Add qwen2 #2495

JustinLin610 · 2024-01-18T16:44:17Z

Recently, I have pushed the new codes of Qwen2 to Hugging Face Transformers, and thus I also would love to contribute the new model to vLLM as well.

In this PR, I have provided the implementation of Qwen2 model and add some notes on it.

simon-mo · 2024-01-18T18:49:25Z

Thank you for the contribution! Do you know where can I get the weights for Qwen/Qwen2-7B-beta? I cannot find it on Huggingface (there's only V1?).

JustinLin610 · 2024-01-19T04:36:52Z

Thank you for the contribution! Do you know where can I get the weights for Qwen/Qwen2-7B-beta? I cannot find it on Huggingface (there's only V1?).

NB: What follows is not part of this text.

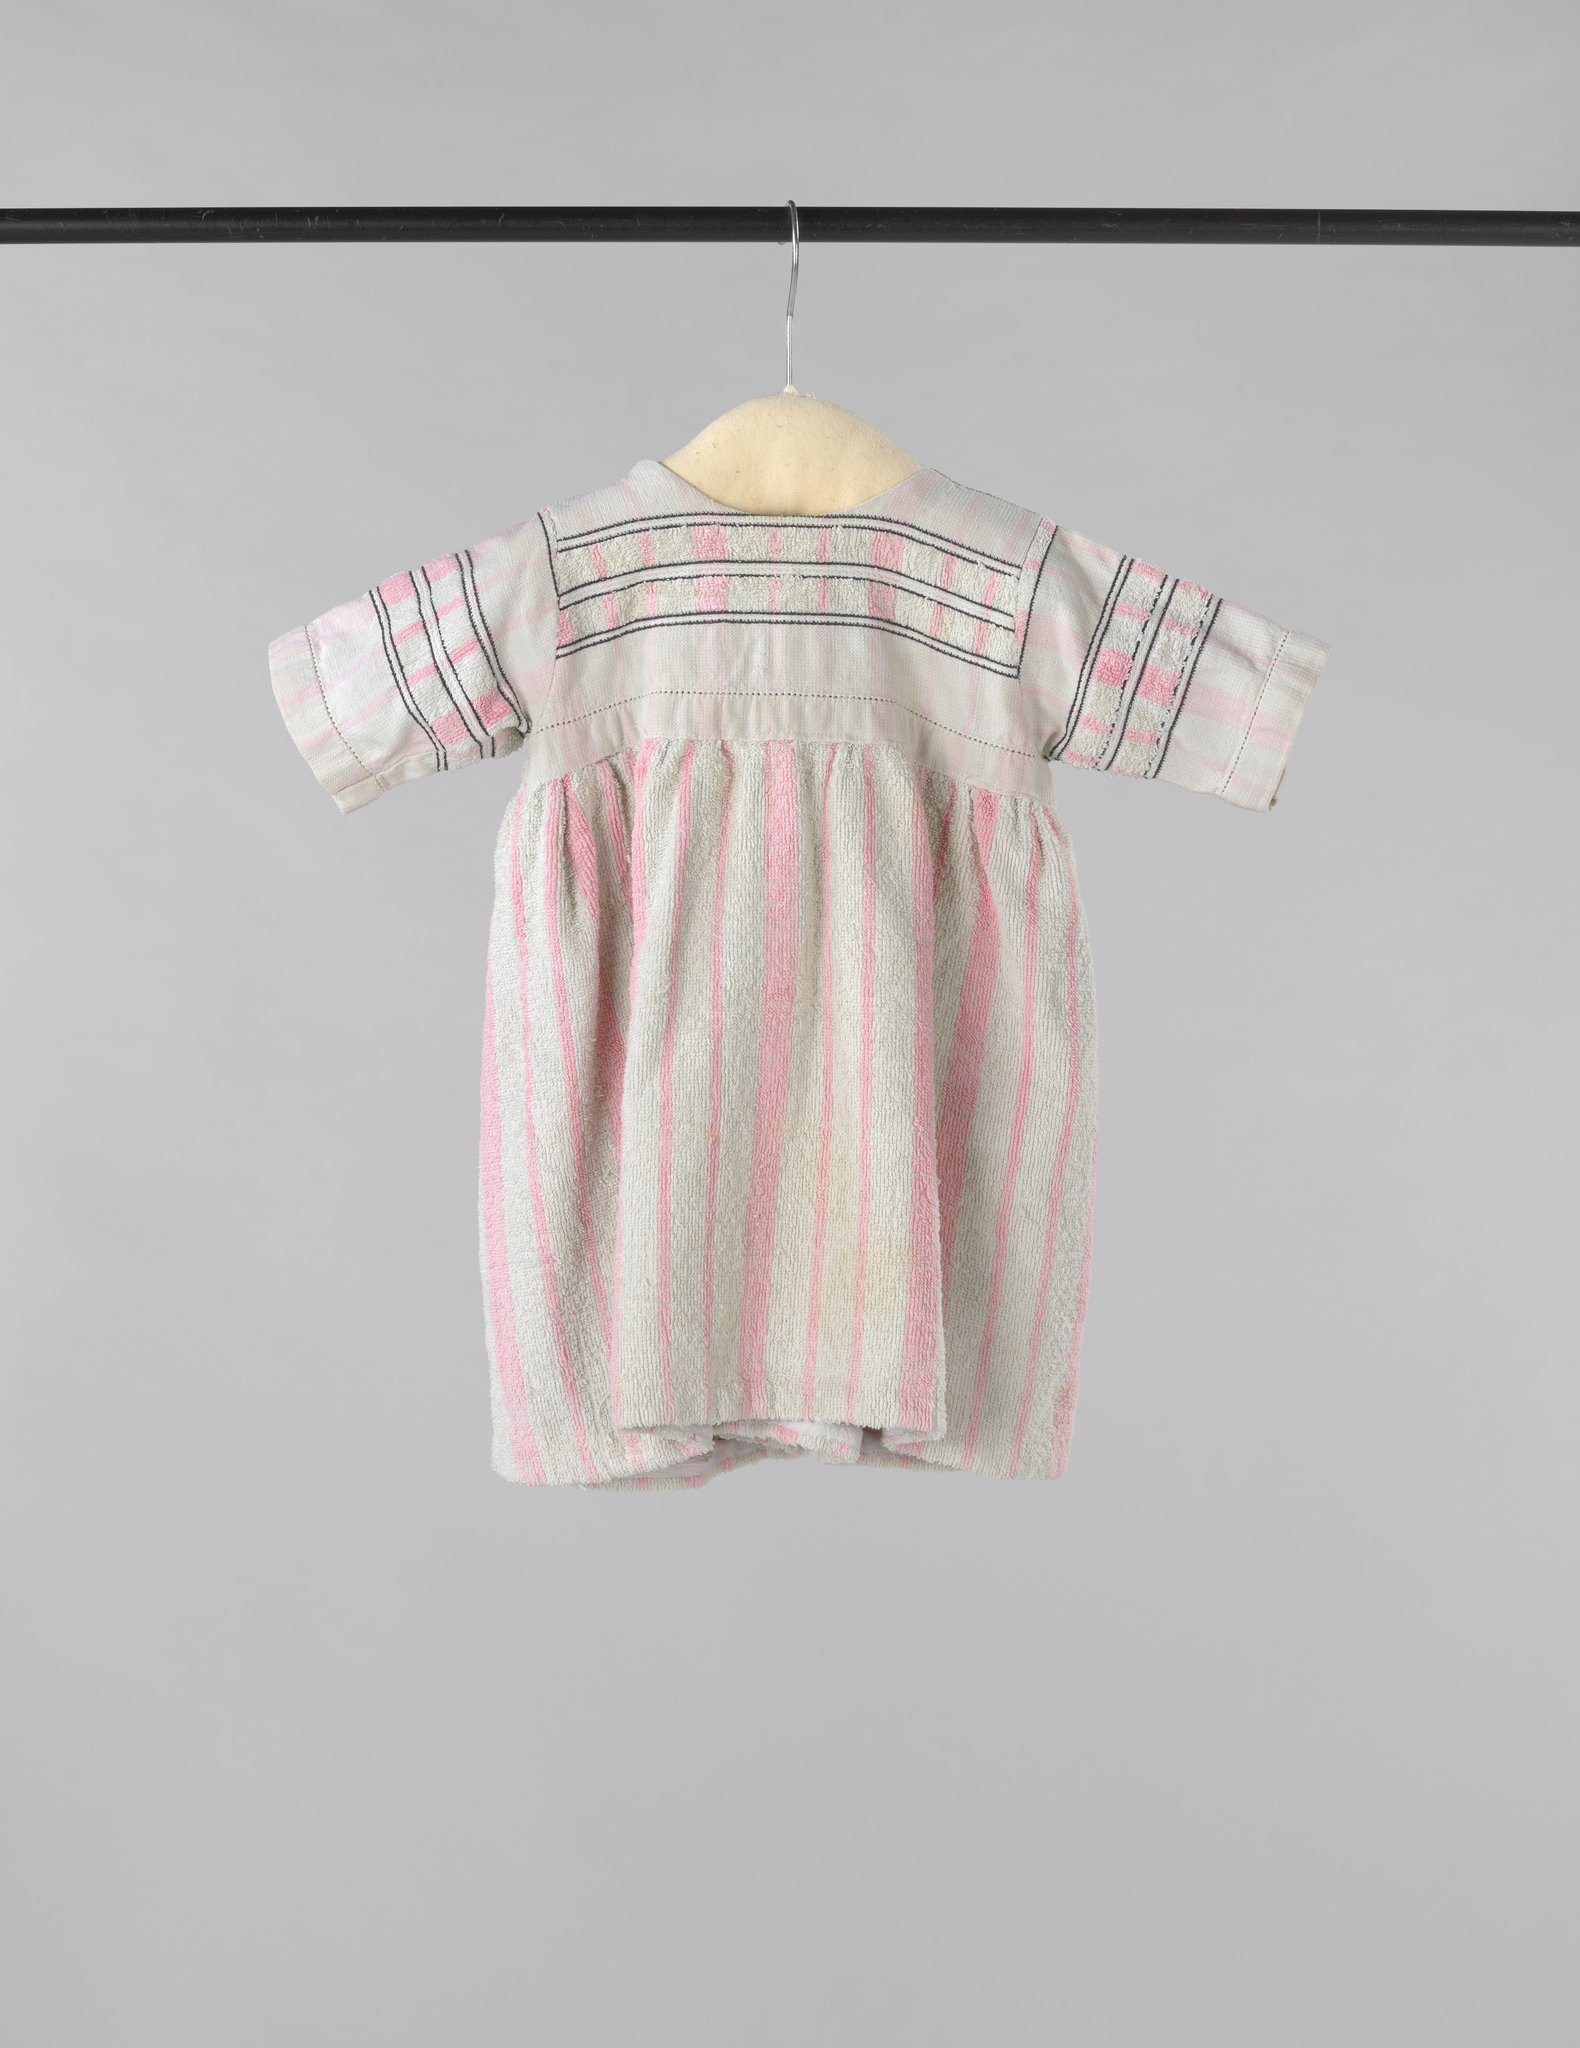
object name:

Yes, it is not released yet. Would you mind joining our HF org to read our new models, which are temporarily private? https://huggingface.co/Qwen

BTW you can contact me through email (junyang.ljy@alibaba-inc.com) or I can join your slack channel for further discussion (my slack email: justinlin930319@gmail.com).

simon-mo · 2024-01-19T06:07:40Z

Thanks. Emailed.

esmeetu · 2024-01-19T10:13:32Z

Where is the difference between qwen2 and Llama2 architecture? It looks like the same. If it's right, does it better to extend LlamaForCasualLM like DeciLM.

JustinLin610 · 2024-01-19T12:45:16Z

Where is the difference between qwen2 and Llama2 architecture? It looks like the same. If it's right, does it better to extend LlamaForCasualLM like DeciLM.

The code for Qwen2 is adaptive to previous Qwen as well as the next generation Qwen2. In comparison with Llama or Mistral, we have qkv bias, and the mixture of sliding window attention and full attention, which is controlled by the argument max_window_layers

simon-mo · 2024-01-19T18:57:08Z

Thanks for access. I'm testing it with python -m vllm.entrypoints.openai.api_server --model Qwen/Qwen2-1_8B-Chat-beta-temp but hitting

  File "/home/xmo/vllm/vllm/engine/async_llm_engine.py", line 548, in from_engine_args
    engine_configs = engine_args.create_engine_configs()
  File "/home/xmo/vllm/vllm/engine/arg_utils.py", line 218, in create_engine_configs
    model_config = ModelConfig(self.model, self.tokenizer,
  File "/home/xmo/vllm/vllm/config.py", line 101, in __init__
    self.hf_config = get_config(self.model, trust_remote_code, revision)
  File "/home/xmo/vllm/vllm/transformers_utils/config.py", line 23, in get_config
    config = AutoConfig.from_pretrained(
  File "/opt/conda/lib/python3.10/site-packages/transformers/models/auto/configuration_auto.py", line 1098, in from_pretrained
    config_class = CONFIG_MAPPING[config_dict["model_type"]]
  File "/opt/conda/lib/python3.10/site-packages/transformers/models/auto/configuration_auto.py", line 795, in __getitem__
    raise KeyError(key)
KeyError: 'qwen2'

Can you add a Qwen2 config similar to the QwenConfig and add it to the registry?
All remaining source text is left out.